# Studio lighting: What modifier will achieve this look?



## zozo (Mar 25, 2017)

Hi everyone! Does anyone know what kind of Profoto modifier would achieve this kind of look in the studio?
I won't have time to test this in the studio so not sure if the standard reflector on the D1's will give a hard/strong enough light. Could something like barn doors or the Pro Fresnel work perhaps? Thanks for your help!

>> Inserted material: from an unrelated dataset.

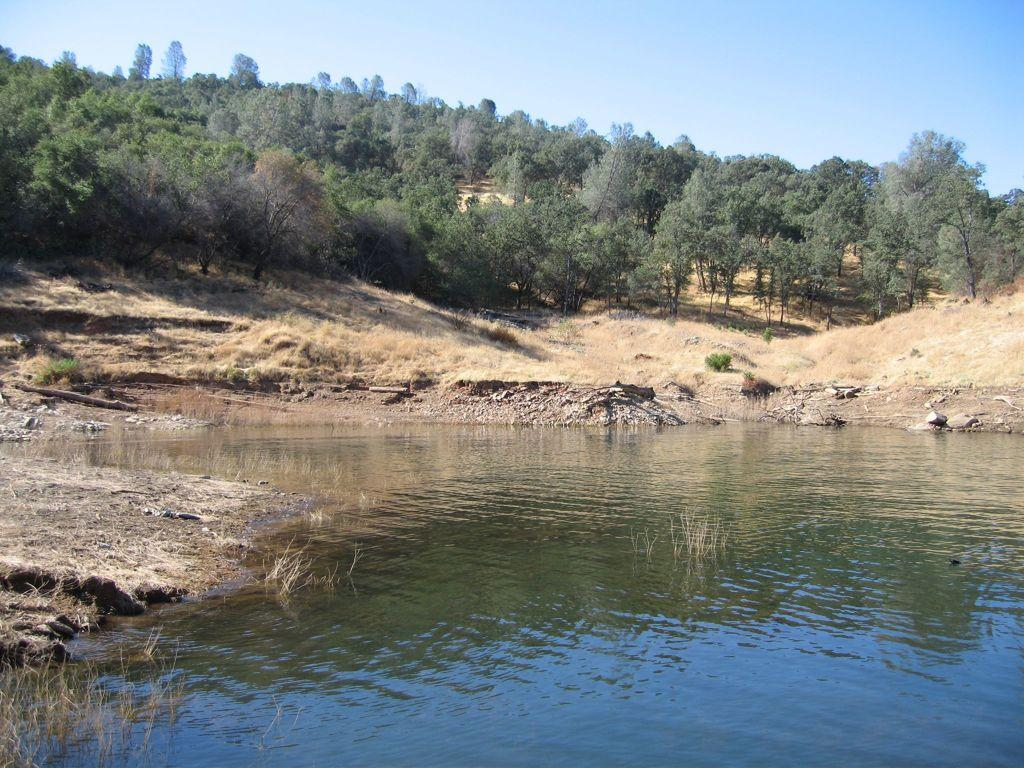What is the primary element visible in the image? There is water in the image. What can be seen in the distance behind the water? There are trees in the background of the image. What else is visible in the background of the image? The sky is visible in the background of the image. What type of material is present on the sides of the water? There are stones on the sides of the water. How many goats are standing on the stones in the image? There are no goats present in the image. What type of crook is being used by the lizards in the image? There are no lizards or crooks present in the image.

https://de.pinterest.com/pin/59109813838604730/ and https://de.pinterest.com/pin/202310208235688445/ and https://de.pinterest.com/pin/806848089460859475/


----------



## Derrel (Mar 25, 2017)

I think their Pro Fresnel Spot might be good for this. This looks like it was lighted with a small-source light. You could be right on the use of some other modifier as well: maybe a very small amount of light snooted down, or allowed to come in  through a very small opening, like say a 7-inch diameter or so reflector, with its beam coming through a narrow barn doors opening.

I actually think the best tool would not be flash, but a quartz-halogen hot light, like a Lowell Omni-Lite, or something similar. The light is fairly close to the glassware. See how FAST the shadows go to deep black? That makes me think the light source was very close to the set.


----------



## zozo (Mar 28, 2017)

Thank you so much for your opinion Derrel! The more I research I think you're right about this being constant lights. I'm asking the rental places for help/advice and they are rubbish here in Germany so it's really tough working out what to get. I'll look at the hot lights for sure!


----------